"""
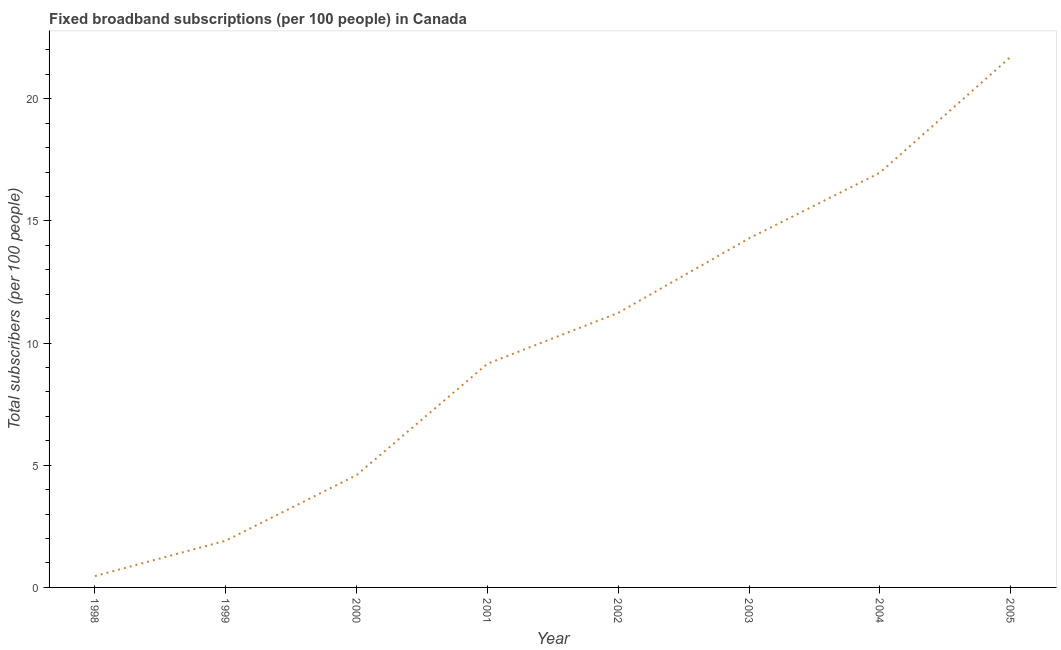What is the total number of fixed broadband subscriptions in 2005?
Offer a terse response. 21.72. Across all years, what is the maximum total number of fixed broadband subscriptions?
Make the answer very short. 21.72. Across all years, what is the minimum total number of fixed broadband subscriptions?
Your answer should be very brief. 0.46. What is the sum of the total number of fixed broadband subscriptions?
Give a very brief answer. 80.33. What is the difference between the total number of fixed broadband subscriptions in 2000 and 2002?
Offer a terse response. -6.64. What is the average total number of fixed broadband subscriptions per year?
Ensure brevity in your answer.  10.04. What is the median total number of fixed broadband subscriptions?
Your response must be concise. 10.19. In how many years, is the total number of fixed broadband subscriptions greater than 3 ?
Provide a short and direct response. 6. Do a majority of the years between 2002 and 2005 (inclusive) have total number of fixed broadband subscriptions greater than 8 ?
Keep it short and to the point. Yes. What is the ratio of the total number of fixed broadband subscriptions in 1998 to that in 2001?
Your answer should be compact. 0.05. Is the total number of fixed broadband subscriptions in 1999 less than that in 2001?
Provide a succinct answer. Yes. What is the difference between the highest and the second highest total number of fixed broadband subscriptions?
Offer a very short reply. 4.75. Is the sum of the total number of fixed broadband subscriptions in 2000 and 2002 greater than the maximum total number of fixed broadband subscriptions across all years?
Your answer should be very brief. No. What is the difference between the highest and the lowest total number of fixed broadband subscriptions?
Ensure brevity in your answer.  21.25. Does the total number of fixed broadband subscriptions monotonically increase over the years?
Provide a succinct answer. Yes. How many lines are there?
Your answer should be compact. 1. How many years are there in the graph?
Offer a terse response. 8. What is the difference between two consecutive major ticks on the Y-axis?
Ensure brevity in your answer.  5. Are the values on the major ticks of Y-axis written in scientific E-notation?
Provide a short and direct response. No. Does the graph contain any zero values?
Keep it short and to the point. No. What is the title of the graph?
Your answer should be very brief. Fixed broadband subscriptions (per 100 people) in Canada. What is the label or title of the X-axis?
Your response must be concise. Year. What is the label or title of the Y-axis?
Make the answer very short. Total subscribers (per 100 people). What is the Total subscribers (per 100 people) of 1998?
Offer a very short reply. 0.46. What is the Total subscribers (per 100 people) of 1999?
Offer a terse response. 1.91. What is the Total subscribers (per 100 people) of 2000?
Ensure brevity in your answer.  4.6. What is the Total subscribers (per 100 people) in 2001?
Give a very brief answer. 9.15. What is the Total subscribers (per 100 people) of 2002?
Offer a very short reply. 11.24. What is the Total subscribers (per 100 people) in 2003?
Your answer should be compact. 14.29. What is the Total subscribers (per 100 people) of 2004?
Make the answer very short. 16.97. What is the Total subscribers (per 100 people) in 2005?
Your response must be concise. 21.72. What is the difference between the Total subscribers (per 100 people) in 1998 and 1999?
Give a very brief answer. -1.45. What is the difference between the Total subscribers (per 100 people) in 1998 and 2000?
Ensure brevity in your answer.  -4.13. What is the difference between the Total subscribers (per 100 people) in 1998 and 2001?
Give a very brief answer. -8.69. What is the difference between the Total subscribers (per 100 people) in 1998 and 2002?
Give a very brief answer. -10.77. What is the difference between the Total subscribers (per 100 people) in 1998 and 2003?
Give a very brief answer. -13.82. What is the difference between the Total subscribers (per 100 people) in 1998 and 2004?
Your answer should be compact. -16.51. What is the difference between the Total subscribers (per 100 people) in 1998 and 2005?
Your response must be concise. -21.25. What is the difference between the Total subscribers (per 100 people) in 1999 and 2000?
Provide a succinct answer. -2.68. What is the difference between the Total subscribers (per 100 people) in 1999 and 2001?
Make the answer very short. -7.24. What is the difference between the Total subscribers (per 100 people) in 1999 and 2002?
Your response must be concise. -9.32. What is the difference between the Total subscribers (per 100 people) in 1999 and 2003?
Offer a terse response. -12.37. What is the difference between the Total subscribers (per 100 people) in 1999 and 2004?
Your answer should be very brief. -15.06. What is the difference between the Total subscribers (per 100 people) in 1999 and 2005?
Offer a very short reply. -19.8. What is the difference between the Total subscribers (per 100 people) in 2000 and 2001?
Give a very brief answer. -4.56. What is the difference between the Total subscribers (per 100 people) in 2000 and 2002?
Offer a very short reply. -6.64. What is the difference between the Total subscribers (per 100 people) in 2000 and 2003?
Offer a very short reply. -9.69. What is the difference between the Total subscribers (per 100 people) in 2000 and 2004?
Your response must be concise. -12.37. What is the difference between the Total subscribers (per 100 people) in 2000 and 2005?
Offer a very short reply. -17.12. What is the difference between the Total subscribers (per 100 people) in 2001 and 2002?
Make the answer very short. -2.08. What is the difference between the Total subscribers (per 100 people) in 2001 and 2003?
Offer a terse response. -5.13. What is the difference between the Total subscribers (per 100 people) in 2001 and 2004?
Give a very brief answer. -7.82. What is the difference between the Total subscribers (per 100 people) in 2001 and 2005?
Offer a terse response. -12.56. What is the difference between the Total subscribers (per 100 people) in 2002 and 2003?
Your response must be concise. -3.05. What is the difference between the Total subscribers (per 100 people) in 2002 and 2004?
Provide a short and direct response. -5.73. What is the difference between the Total subscribers (per 100 people) in 2002 and 2005?
Your response must be concise. -10.48. What is the difference between the Total subscribers (per 100 people) in 2003 and 2004?
Make the answer very short. -2.69. What is the difference between the Total subscribers (per 100 people) in 2003 and 2005?
Provide a succinct answer. -7.43. What is the difference between the Total subscribers (per 100 people) in 2004 and 2005?
Provide a succinct answer. -4.75. What is the ratio of the Total subscribers (per 100 people) in 1998 to that in 1999?
Offer a very short reply. 0.24. What is the ratio of the Total subscribers (per 100 people) in 1998 to that in 2000?
Keep it short and to the point. 0.1. What is the ratio of the Total subscribers (per 100 people) in 1998 to that in 2001?
Provide a succinct answer. 0.05. What is the ratio of the Total subscribers (per 100 people) in 1998 to that in 2002?
Your answer should be very brief. 0.04. What is the ratio of the Total subscribers (per 100 people) in 1998 to that in 2003?
Give a very brief answer. 0.03. What is the ratio of the Total subscribers (per 100 people) in 1998 to that in 2004?
Your response must be concise. 0.03. What is the ratio of the Total subscribers (per 100 people) in 1998 to that in 2005?
Your answer should be very brief. 0.02. What is the ratio of the Total subscribers (per 100 people) in 1999 to that in 2000?
Provide a succinct answer. 0.42. What is the ratio of the Total subscribers (per 100 people) in 1999 to that in 2001?
Make the answer very short. 0.21. What is the ratio of the Total subscribers (per 100 people) in 1999 to that in 2002?
Give a very brief answer. 0.17. What is the ratio of the Total subscribers (per 100 people) in 1999 to that in 2003?
Your answer should be very brief. 0.13. What is the ratio of the Total subscribers (per 100 people) in 1999 to that in 2004?
Provide a short and direct response. 0.11. What is the ratio of the Total subscribers (per 100 people) in 1999 to that in 2005?
Offer a terse response. 0.09. What is the ratio of the Total subscribers (per 100 people) in 2000 to that in 2001?
Offer a very short reply. 0.5. What is the ratio of the Total subscribers (per 100 people) in 2000 to that in 2002?
Provide a succinct answer. 0.41. What is the ratio of the Total subscribers (per 100 people) in 2000 to that in 2003?
Keep it short and to the point. 0.32. What is the ratio of the Total subscribers (per 100 people) in 2000 to that in 2004?
Your response must be concise. 0.27. What is the ratio of the Total subscribers (per 100 people) in 2000 to that in 2005?
Keep it short and to the point. 0.21. What is the ratio of the Total subscribers (per 100 people) in 2001 to that in 2002?
Provide a succinct answer. 0.81. What is the ratio of the Total subscribers (per 100 people) in 2001 to that in 2003?
Ensure brevity in your answer.  0.64. What is the ratio of the Total subscribers (per 100 people) in 2001 to that in 2004?
Provide a short and direct response. 0.54. What is the ratio of the Total subscribers (per 100 people) in 2001 to that in 2005?
Your answer should be very brief. 0.42. What is the ratio of the Total subscribers (per 100 people) in 2002 to that in 2003?
Keep it short and to the point. 0.79. What is the ratio of the Total subscribers (per 100 people) in 2002 to that in 2004?
Ensure brevity in your answer.  0.66. What is the ratio of the Total subscribers (per 100 people) in 2002 to that in 2005?
Your answer should be very brief. 0.52. What is the ratio of the Total subscribers (per 100 people) in 2003 to that in 2004?
Offer a very short reply. 0.84. What is the ratio of the Total subscribers (per 100 people) in 2003 to that in 2005?
Offer a very short reply. 0.66. What is the ratio of the Total subscribers (per 100 people) in 2004 to that in 2005?
Provide a short and direct response. 0.78.
"""
### DIRECTIONS FOR THIS TASK
Reprint exactly the lines above that start at the one with "Offer a terse response. 21.72." and end at the one with "Keep it short and to the point. Yes.", keeping both and adding none.

### ANSWER TO THE EXERCISE
Offer a terse response. 21.72. Across all years, what is the maximum total number of fixed broadband subscriptions?
Make the answer very short. 21.72. Across all years, what is the minimum total number of fixed broadband subscriptions?
Your answer should be very brief. 0.46. What is the sum of the total number of fixed broadband subscriptions?
Give a very brief answer. 80.33. What is the difference between the total number of fixed broadband subscriptions in 2000 and 2002?
Offer a terse response. -6.64. What is the average total number of fixed broadband subscriptions per year?
Ensure brevity in your answer.  10.04. What is the median total number of fixed broadband subscriptions?
Your response must be concise. 10.19. In how many years, is the total number of fixed broadband subscriptions greater than 3 ?
Provide a short and direct response. 6. Do a majority of the years between 2002 and 2005 (inclusive) have total number of fixed broadband subscriptions greater than 8 ?
Keep it short and to the point. Yes. What is the ratio of the total number of fixed broadband subscriptions in 1998 to that in 2001?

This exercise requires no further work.